GIRLFRIEND: *whispers in my ear* Hey you wanna try for a baby
ME: *playing the claw machine* I don’t think there are any in there, Denise.
Lmao my first taste of adulthood was learning you had to actually pay for Microsoft office. I had be using it for free my whole life as a student. It didn’t even occur to me it cost money to have it at home
I like to help my wife cook by standing in front of whichever cabinet door she needs to get into at any given time.
Mediocrites was not the greatest hero from Greek mythology, but nor was he the worst
MAGICIAN: think of a card!
ME: ok.
MAGICIAN: is… this ur card?
[holds up card that says “UGH I HATE MAGIC SHOWS THIS IS CRAP”]
ME: holy crap
I have gained 8lbs and even though I’ve eaten a steady diet of junk food and sugar and only worked out three times in the last two months this seems really really unfair, you guys
[Dating in 2009]
ME: Who’s your favorite serial killer?
HER: I’m calling the police.[Dating in 2019]
ME: Who’s your favorite serial killer?
HER: Oh my gosh, how do you pick just one, right? Hahaha!
I had day surgery today (nothing big) and they were like “don’t make any important decisions in the next 24 hours bc you might not remember them.” But I had to go grocery shopping. Later Morgan was like “you bought … so much, like a lot, of cheese.”
*checks the hip hop section*
Nope. No one named Velocirapper yet.
Saw a sign on the highway that said “Kill or Injure a Road Worker: $7,500” but it doesn’t tell me where to pick up the money…
Exactly like a tissue box dispenser, except for cold cuts.

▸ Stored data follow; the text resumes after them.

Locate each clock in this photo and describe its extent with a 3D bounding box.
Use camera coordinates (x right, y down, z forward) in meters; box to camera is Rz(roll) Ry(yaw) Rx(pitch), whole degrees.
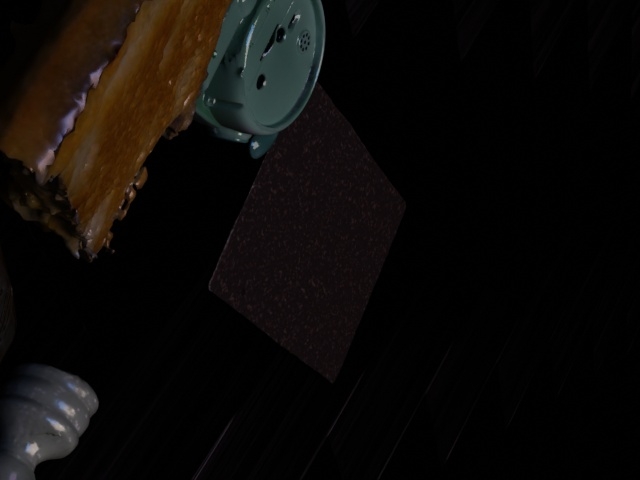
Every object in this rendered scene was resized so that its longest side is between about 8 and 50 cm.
[{"bbox_3d":[-0.049,-0.149,0.920,0.148,0.060,0.188,-67,155,-13],"label":"clock"}]

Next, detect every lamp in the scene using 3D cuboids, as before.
[{"bbox_3d":[-0.210,0.167,0.754,0.106,0.106,0.193,77,28,-46],"label":"lamp"}]

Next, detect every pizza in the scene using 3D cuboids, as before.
[{"bbox_3d":[-0.121,-0.110,0.709,0.223,0.089,0.323,115,0,-48],"label":"pizza"}]

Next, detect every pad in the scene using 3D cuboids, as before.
[{"bbox_3d":[0.000,0.000,1.169,0.220,0.004,0.330,-67,153,-13],"label":"pad"}]

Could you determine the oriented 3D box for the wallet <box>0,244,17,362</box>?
[{"bbox_3d":[-0.203,0.047,0.651,0.232,0.031,0.122,113,-3,-63],"label":"wallet"}]

Shoutout to my upstairs neighbours for finding a loophole in the ‘no elephants’ clause in their lease
ME: do you like it better when I part it down the middle or when I tease it out with styling mousse
HER: how about we just shave your back instead
I don’t want flying cars, I want the ability to start again from my last save point
Quarantine, day 14. Me and my boyfriend spent the whole day setting up an art gallery for our gerbil.

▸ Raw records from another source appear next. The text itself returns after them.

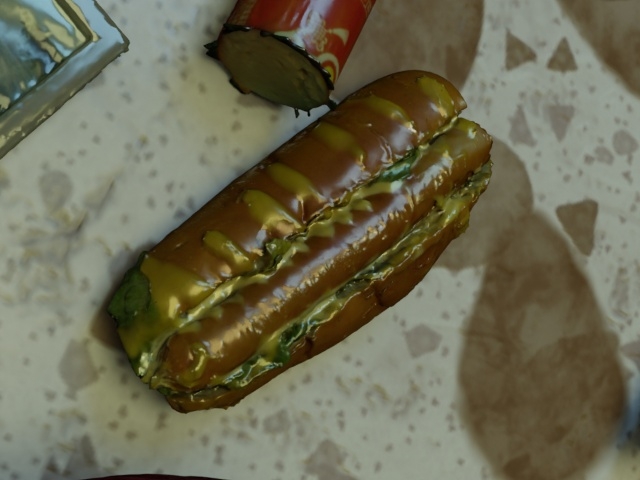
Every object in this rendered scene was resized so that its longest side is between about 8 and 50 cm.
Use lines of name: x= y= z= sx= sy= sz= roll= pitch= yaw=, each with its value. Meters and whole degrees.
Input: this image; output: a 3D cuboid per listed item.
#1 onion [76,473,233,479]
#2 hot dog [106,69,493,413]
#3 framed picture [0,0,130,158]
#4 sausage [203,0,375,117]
onion: x=-0.062 y=0.270 z=0.503 sx=0.353 sy=0.353 sz=0.354 roll=3 pitch=85 yaw=-29
hot dog: x=0.000 y=0.000 z=0.706 sx=0.269 sy=0.072 sz=0.115 roll=-42 pitch=114 yaw=-26
framed picture: x=-0.271 y=-0.146 z=0.589 sx=0.232 sy=0.024 sz=0.315 roll=-48 pitch=109 yaw=-25
sausage: x=0.023 y=-0.204 z=0.733 sx=0.083 sy=0.083 sz=0.264 roll=33 pitch=70 yaw=-23

SURGEON (who is an octopus): scalpel
NURSE: [sweating trying to figure out what arm to hand it to] yup one second
Me: I think I need a life coach who lives with me
Her: like a mom
Me: haha exactly, and—
Waiter: [whispering] sir the ring is sinking into the chili
Invention: When your heart stops beating, your smartphone and laptop instantaneously explode.
PATENT PENDING!!
Hey vegans. Making a salad is not “cooking”. Making a salad is “assembling”.